Muslim Priest and Buddhist Bishop-Ele...

Muslim Priest and Buddhist Bishop-Elect Are Raising Questions About Syncretism

There are 2 comments on the www.christianitytoday.com story from Mar 27, 2009, titled Muslim Priest and Buddhist Bishop-Elect Are Raising Questions About Syncretism. In it, www.christianitytoday.com reports that:

Jesus saves, the Episcopal Church teaches, but a growing number of its clergy and leaders believe other faiths may lead to salvation as well.

Long divided and distracted by questions of sexual ethics, the Episcopal Church (along with most mainline Protestant communities) are facing a cultural and theological shift towards religious pluralism—the belief that there are diverse paths to God.

The debate is not just academic.
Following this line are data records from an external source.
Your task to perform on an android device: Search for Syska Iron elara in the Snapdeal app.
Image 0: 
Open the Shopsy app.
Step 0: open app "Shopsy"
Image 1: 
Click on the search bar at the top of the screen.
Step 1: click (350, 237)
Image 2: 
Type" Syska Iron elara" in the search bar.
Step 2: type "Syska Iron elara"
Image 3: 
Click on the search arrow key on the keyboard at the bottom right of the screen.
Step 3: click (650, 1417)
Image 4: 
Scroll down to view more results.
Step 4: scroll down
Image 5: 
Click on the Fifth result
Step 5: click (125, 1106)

In two current cases, Episcopal clergy are under scrutiny for practicing and promoting other religions. On February 12 a devotee of Zen Buddhism was elected bishop of the Episcopal Church's Northern Michigan diocese. Meanwhile, a Seattle-area priest has been given until March 30 to decide whether she is a Muslim or a Christian as her bishop will not permit her to profess both faiths ...
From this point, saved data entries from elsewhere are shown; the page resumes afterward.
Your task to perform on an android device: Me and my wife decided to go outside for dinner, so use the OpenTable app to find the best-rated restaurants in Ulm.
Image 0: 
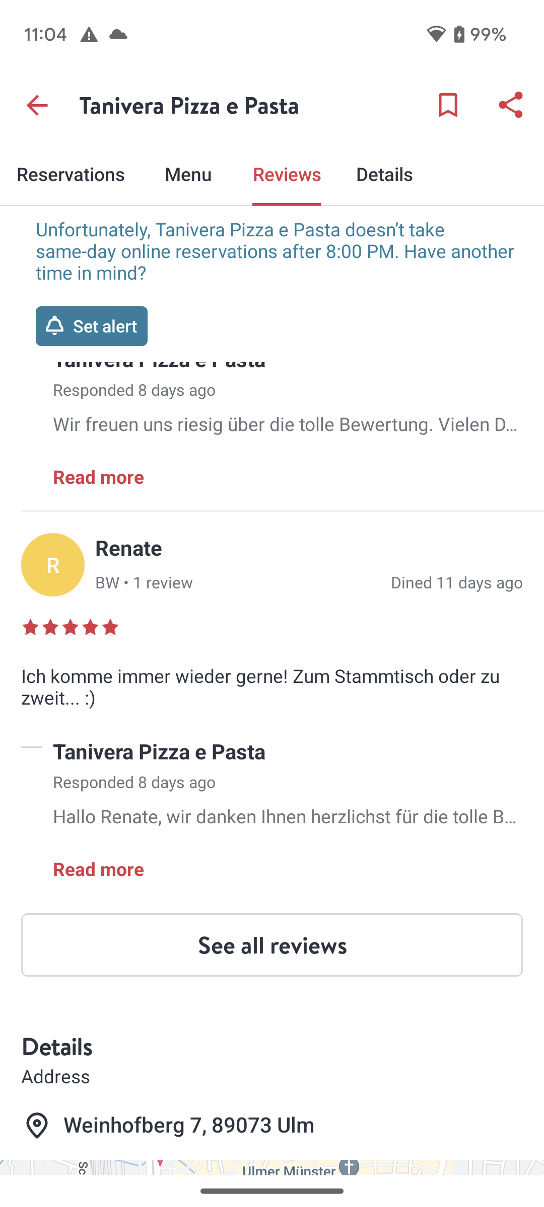
Open the TheFork app
Step 0: open app "TheFork"
Image 1: 
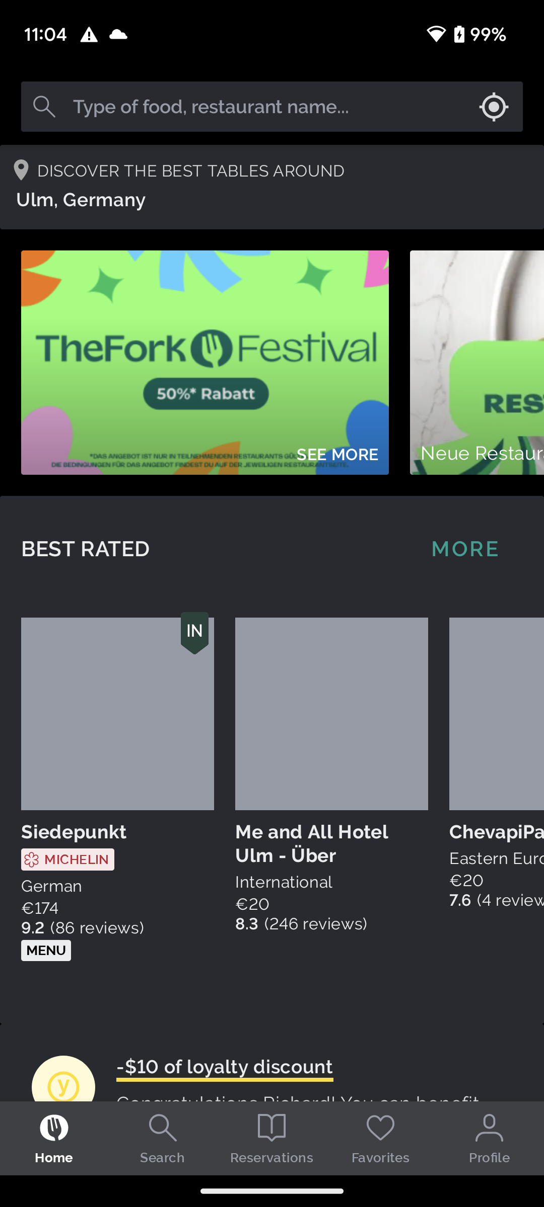
Click on the MORE button of the Best Rated to view more restaurants
Step 1: click (464, 548)
Image 2: 
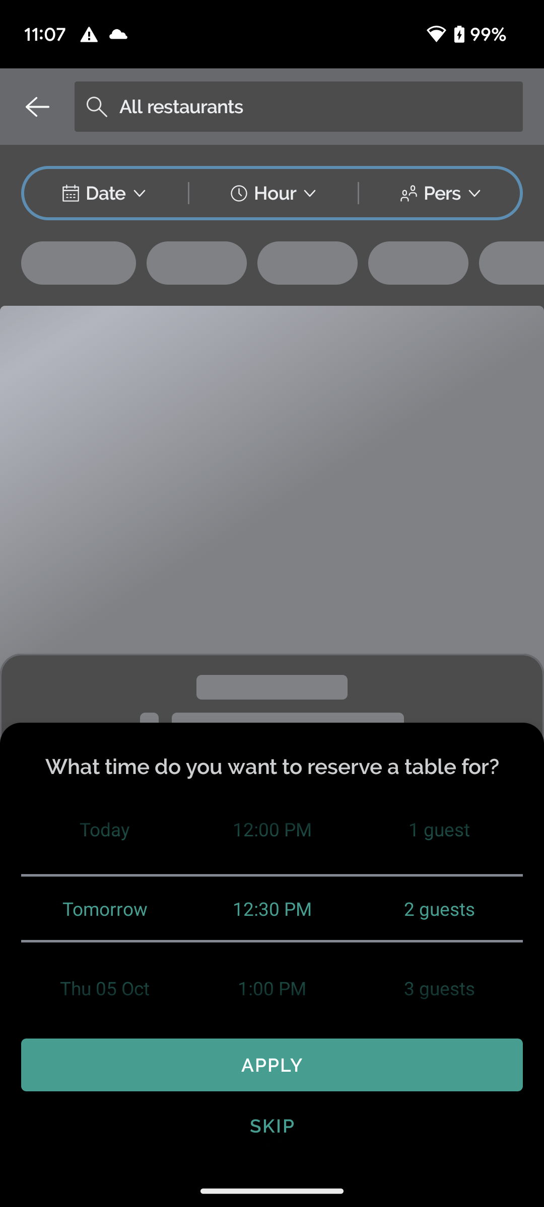
Click on the Skip button at the bottom of the screen to close this pop up notification
Step 2: click (315, 1139)
Image 3: 
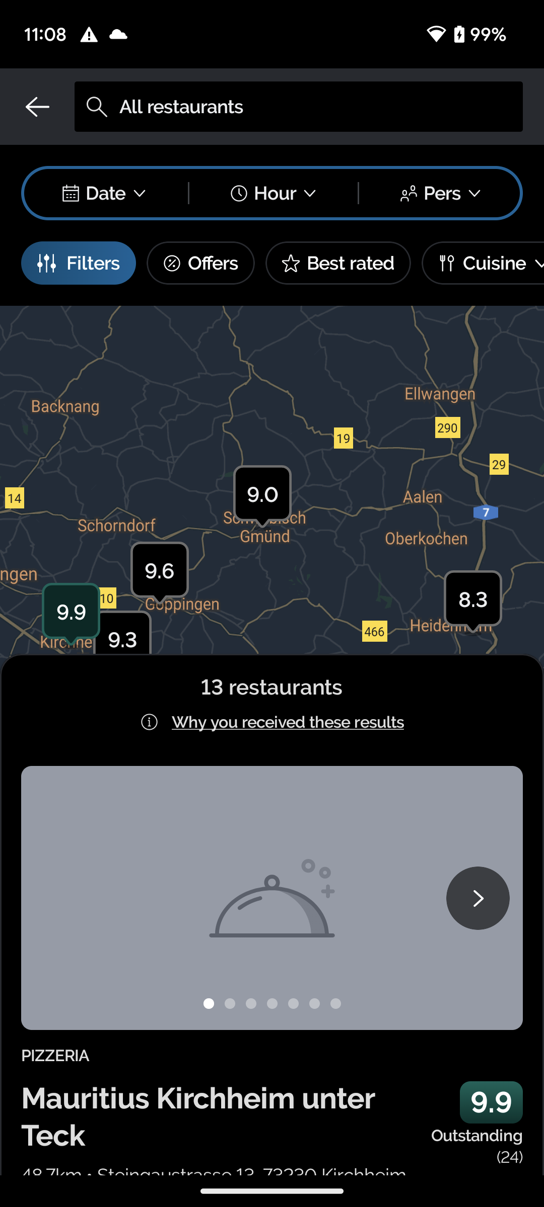
Scroll up to view more restaurants
Step 3: scroll down
Image 4: 
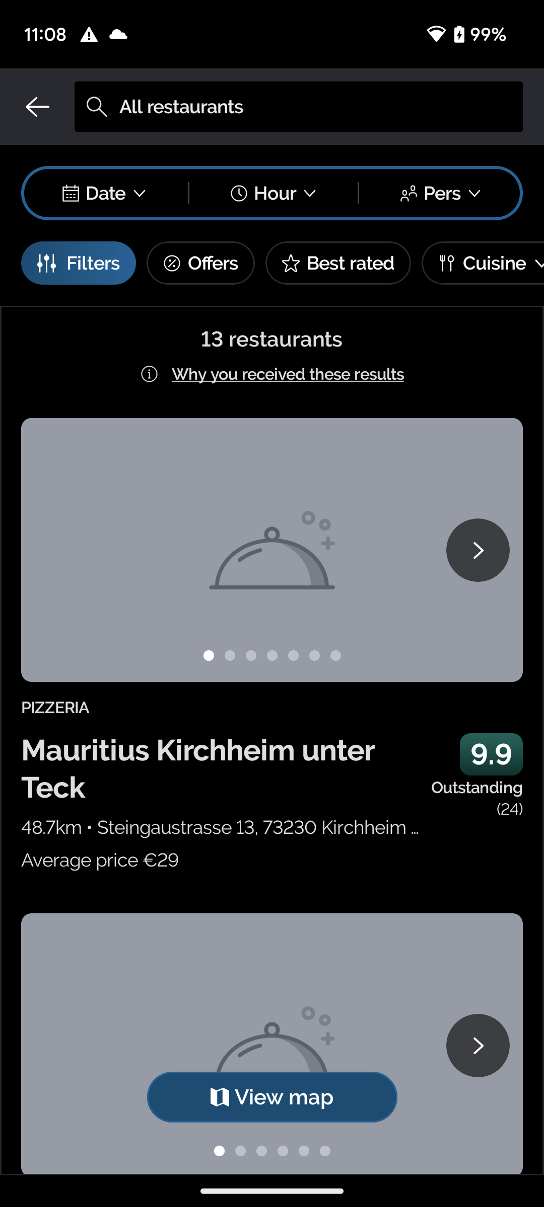
Scroll up to view more restaurants
Step 4: scroll down
Image 5: 
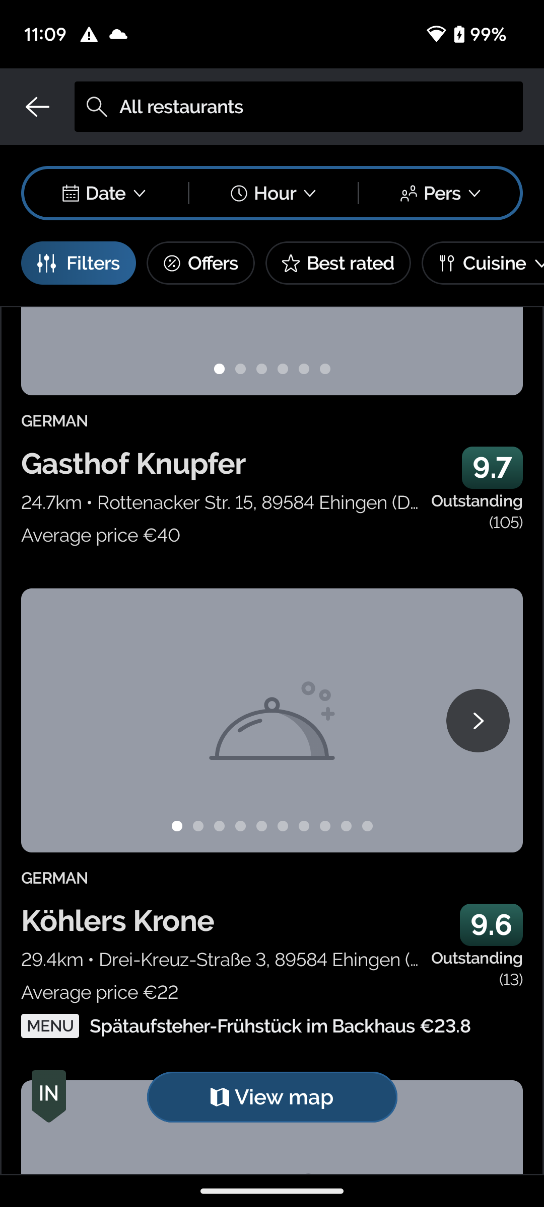
Scroll up to view more restaurants
Step 5: scroll down

Join the discussion below, or Read more at www.christianitytoday.com.

“... truth will out.”

Since: May 08

Stratford, Connecticut.

#1 Mar 27, 2009
"... the spread of syncretism within mainstream Christianity is an even greater threat to the church than the 2003 election of a gay bishop, Episcopal theologian Kendall Harmon of South Carolina told Christianity Today. It imperils interfaith dialogue by detaching Christianity from its doctrinal and historical core, he argued.'To be a Christian is to worship Jesus,' Harmon said.'To lose that is to lose the center of Christian truth and identity.'"
Think Again

Fremont, NC

#2 Mar 27, 2009
Joe DeCaro wrote:
"... the spread of syncretism within mainstream Christianity is an even greater threat to the church than the 2003 election of a gay bishop, Episcopal theologian Kendall Harmon of South Carolina told Christianity Today. It imperils interfaith dialogue by detaching Christianity from its doctrinal and historical core, he argued.'To be a Christian is to worship Jesus,' Harmon said.'To lose that is to lose the center of Christian truth and identity.'"
This is the very thing that I tried to tell BG around Christmas time. TEC, as an organization, professes one thing but many clergy members say and do something completely different Sunday after Sunday.

The two cases cited in the article are just the proverbial "tip of the iceberg." They are the most visible because of the press they have received. The real issue is the subtle assault on Christian theology that occurs week after week.